# DIY Livery in Widnes/Bold/Warrington/St Helens etc area???



## Katia114 (1 July 2016)

Hi everyone 

Apologies in advance as I know I won't be the first (or the last!)  to ask this question BUT........

My friend and I are on the hunt for 2 x DIY livery stables in the Widnes/Bold/Warrington/St Helens/Tarbock area. We're currently based on a yard just down the road from Bold Heath EC and would love to stay somewhere in the local vicinity, we both commute to work on the M62 so really it needs to be in that kind of area. Our current yard has just become so busy and chaotic lately that we're looking to find a quieter place for both of our 16.2 geldings - at peak times it feels like we struggle to find space to tie them up outside our stables! Both of our boys are really laid back and we feel we owe it to them to find somewhere a bit less stressful to live as it's getting a bit much for all 4 of us!

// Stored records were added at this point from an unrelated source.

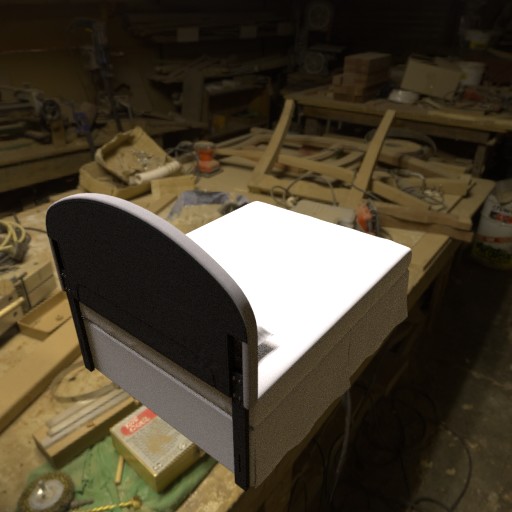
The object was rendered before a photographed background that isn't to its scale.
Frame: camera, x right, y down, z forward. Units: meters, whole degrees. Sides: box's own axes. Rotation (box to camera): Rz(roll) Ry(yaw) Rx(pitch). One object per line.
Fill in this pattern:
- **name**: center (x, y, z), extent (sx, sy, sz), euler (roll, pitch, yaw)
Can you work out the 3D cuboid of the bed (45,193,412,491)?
- **bed**: center (0.000, 0.000, 3.002), extent (1.607, 1.410, 2.005), euler (21, 36, 33)
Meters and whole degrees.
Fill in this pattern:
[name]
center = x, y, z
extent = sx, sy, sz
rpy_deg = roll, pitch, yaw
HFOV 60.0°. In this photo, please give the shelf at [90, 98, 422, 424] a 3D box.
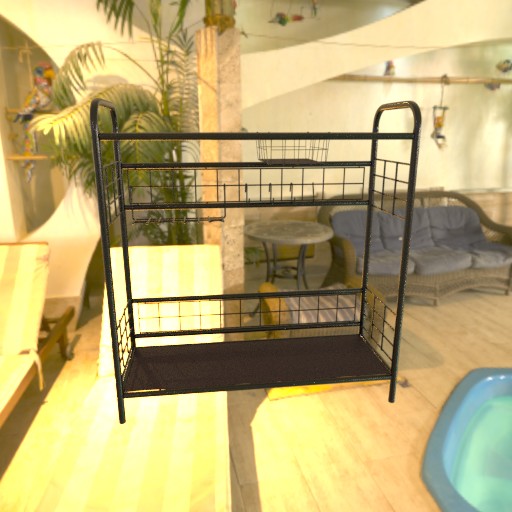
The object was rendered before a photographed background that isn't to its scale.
[shelf]
center = 0.000, 0.000, 1.550
extent = 0.961, 1.026, 0.350
rpy_deg = -2, 16, -7
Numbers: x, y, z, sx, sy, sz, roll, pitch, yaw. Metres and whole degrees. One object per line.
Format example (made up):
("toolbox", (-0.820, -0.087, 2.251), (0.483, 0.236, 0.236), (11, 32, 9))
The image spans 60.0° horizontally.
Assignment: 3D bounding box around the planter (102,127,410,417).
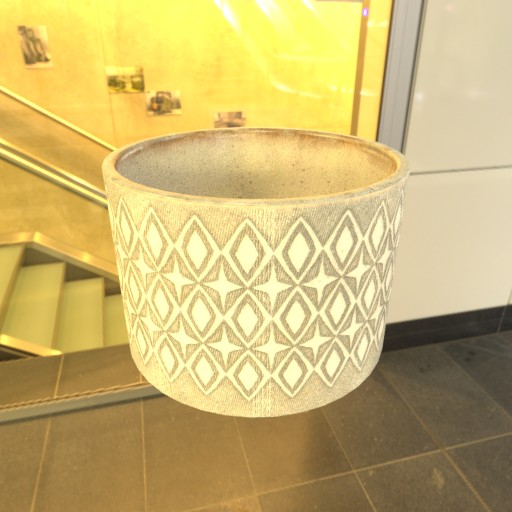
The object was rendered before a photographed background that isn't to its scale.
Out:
("planter", (0.000, 0.000, 0.311), (0.186, 0.144, 0.186), (0, 26, 0))

As a minimum we require all year round turnout and access to a school. Both are used to being turned out in a mixed herd but would be just as happy to be split with other geldings. Would consider either a livery or private yard, small or large. 

We're currently searching all the usual local ads etc but would be great if anyone has any inside knowledge or can recommend any particular yards that fit the bill. We're not in a mad rush to move but would like to within the next month or so if we can.

Thanks in advance


----------



## racebuddy (1 July 2016)

Will pm u


----------